Similarly, newer targets like GPRC5D and FCRH5, while showing efficacy, are associated with challenging toxicities including dermatologic reactions, nail changes and taste alterations, alongside the same infection risk from normal B-cell depletion.

Similarly, newer targets like GPRC5D and FCRH5, while showing efficacy, are associated with challenging toxicities including dermatologic reactions, nail changes and taste alterations, alongside the same infection risk from normal B-cell depletion.

KMA and LMA offer an elegant solution to this problem because plasma cells are either kappa- or lambda light chain-restricted – targeting KMA eliminates only kappa-expressing malignant cells while preserving all lambda-expressing normal plasma cells and vice versa for LMA. This approach could fundamentally change the risk–benefit calculus by maintaining normal immunoglobulin production, potentially reducing infection rates and preserving vaccine responsiveness – critical considerations for long-term disease control.

Addressing the post-BCMA treatment landscape

With BCMA-directed CAR-T cells now approved and widely used, the field faces a looming challenge: what to do when patients relapse after BCMA therapy. In the pivotal CARTITUDE-1 study with Johnson & Johnson’s Carvykti (ciltacabtagene autoleucel), fewer than half of patients remained progression-free at three years, meaning the majority will eventually need subsequent therapy.

The CLML study identified 10 samples (5 percent overall) that expressed KMA or LMA without BCMA expression – seven lambda and three kappa cases spanning MGUS, MM and amyloidosis. This finding suggests that KMA and LMA could provide therapeutic options for patients with BCMA-negative or BCMA-low disease, whether arising de novo or following BCMA-directed therapy.
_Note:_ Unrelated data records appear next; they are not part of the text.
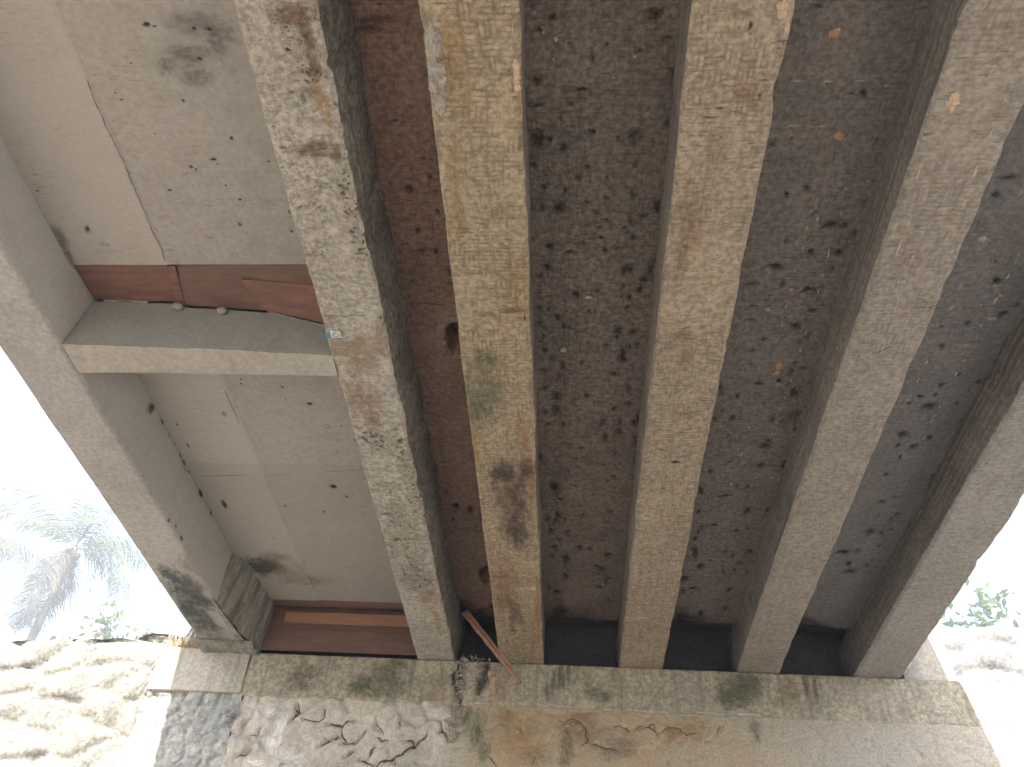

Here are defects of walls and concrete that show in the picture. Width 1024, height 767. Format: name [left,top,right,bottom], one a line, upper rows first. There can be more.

water stain [492,464,534,547]
water stain [250,558,282,575]
water stain [160,569,219,636]
crack [292,664,462,767]
crack [560,718,720,751]

De-risked clinical development path

Unlike many novel targets, KMA has already been validated clinically through multiple studies with KappaMab, a monoclonal antibody targeting KMA. A Phase IIb study combining KappaMab with lenalidomide and dexamethasone in relapsed/refractory myeloma demonstrated an overall response rate of 83 percent versus 45 percent with lenalidomide and dexamethasone alone in matched controls.
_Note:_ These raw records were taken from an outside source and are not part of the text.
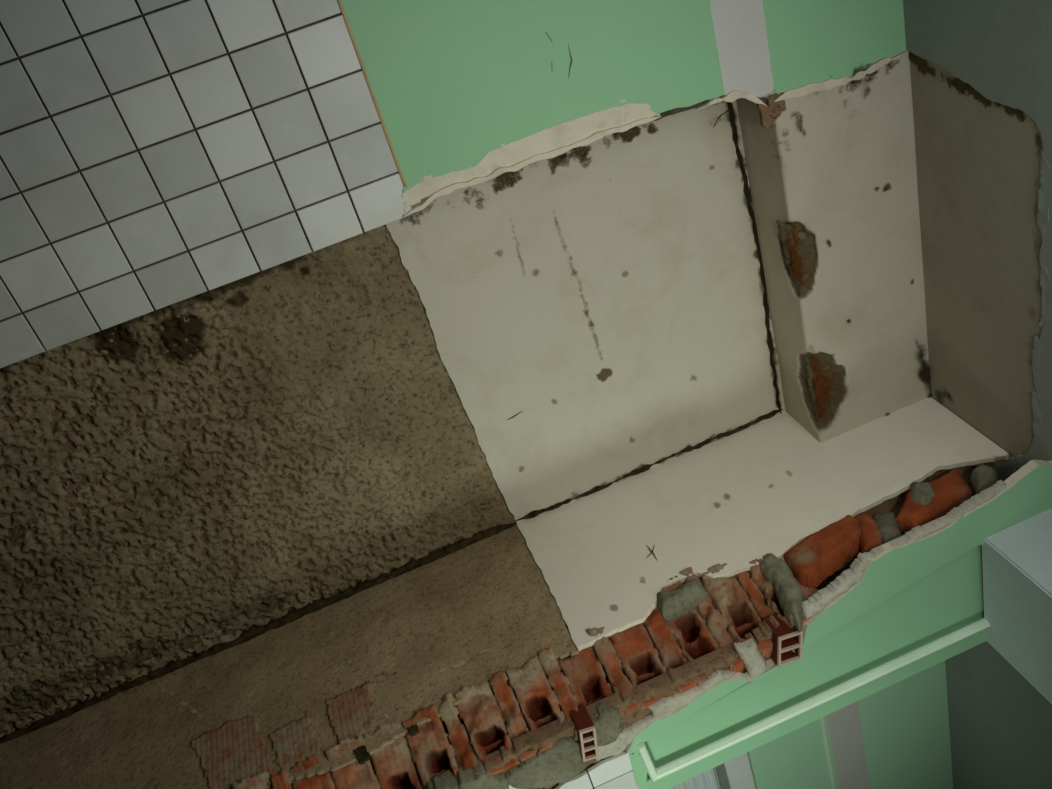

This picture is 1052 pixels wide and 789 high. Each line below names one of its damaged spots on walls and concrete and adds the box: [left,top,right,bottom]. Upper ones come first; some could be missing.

damp [493,168,523,194]
flaking render [401,99,661,217]
damp [548,146,591,174]
damp [612,124,658,142]
spalling [776,219,810,286]
damp [148,244,310,360]
damp [90,320,138,359]
crack [0,102,783,743]
spalling [231,464,1006,789]

Critically, across three clinical studies, KappaMab showed no haematological toxicities and no on-target / off-tumour side effects – a stark contrast to the toxicity profiles of BCMA, GPRC5D and FCRH5-directed therapies. This safety profile validates the biological hypothesis that selective targeting of one light-chain isotype preserves normal immune function.
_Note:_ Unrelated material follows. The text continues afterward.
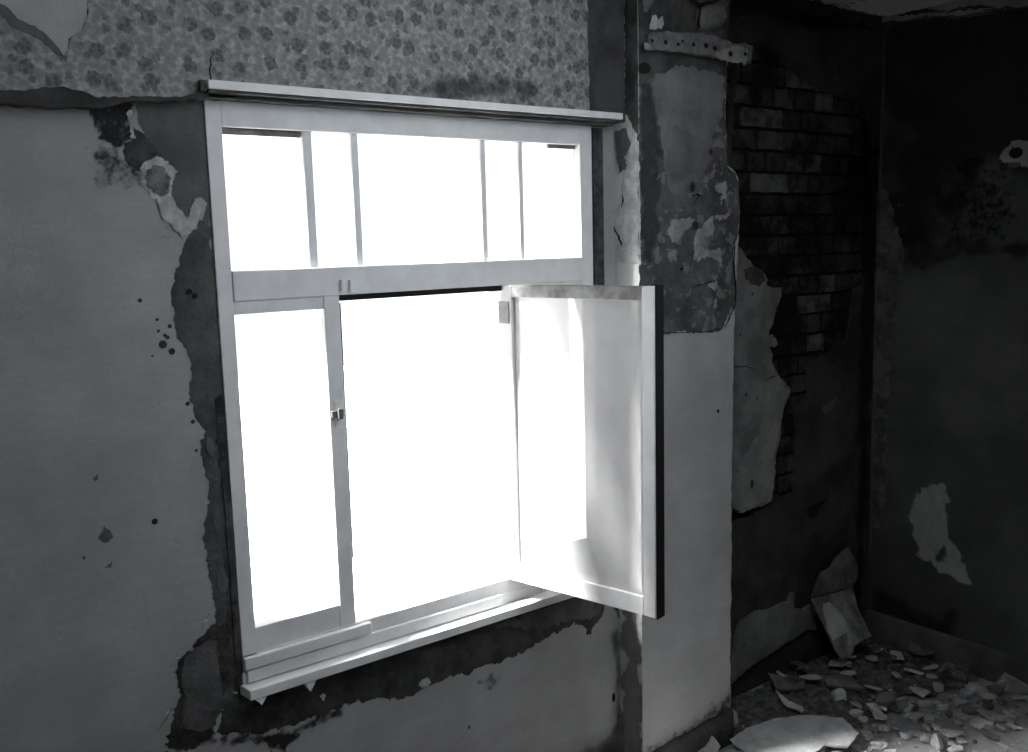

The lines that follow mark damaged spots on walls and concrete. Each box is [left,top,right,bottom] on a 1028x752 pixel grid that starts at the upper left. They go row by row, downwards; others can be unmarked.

flaking render [90,101,605,752]
flaking render [614,0,907,530]

Implications for next-generation immunotherapies

The broad expression, high antigen density, selective tissue distribution and validated safety profile positions KMA and LMA as attractive targets for next-generation immunotherapy platforms, including:

• Monoclonal antibodies (already clinical stage for KMA)
• Bispecific T-cell engagers
• CAR T-cell therapies (Phase I targeting KMA in preparation)
• Antibody–drug conjugates.

Commercial and investment implications

As the myeloma treatment landscape becomes increasingly crowded with BCMA-directed therapies and safety concerns mount around infection rates and specialised toxicities with newer targets, KMA and LMA represent a differentiated approach with potential best-in-class characteristics:

• Addresses a ~$27 billion global multiple myeloma market
• Provides options for post-BCMA relapse (growing patient population) – de-risked through existing clinical safety data
• Potential for use in earlier lines of therapy due to favourable safety profile
• Targets the underserved AL amyloidosis indication (~30,000-45,000 cases globally)
• Intellectual property coverage through novel antibodies and targets.

The publication of this comprehensive dataset across 195 patients and multiple disease states provides the scientific foundation for expanded clinical development. With BCMA-directed therapies facing increasing scrutiny over infection rates and durability of response, the field is actively seeking next-generation targets that can deliver efficacy without compromising quality of life and long-term immune function.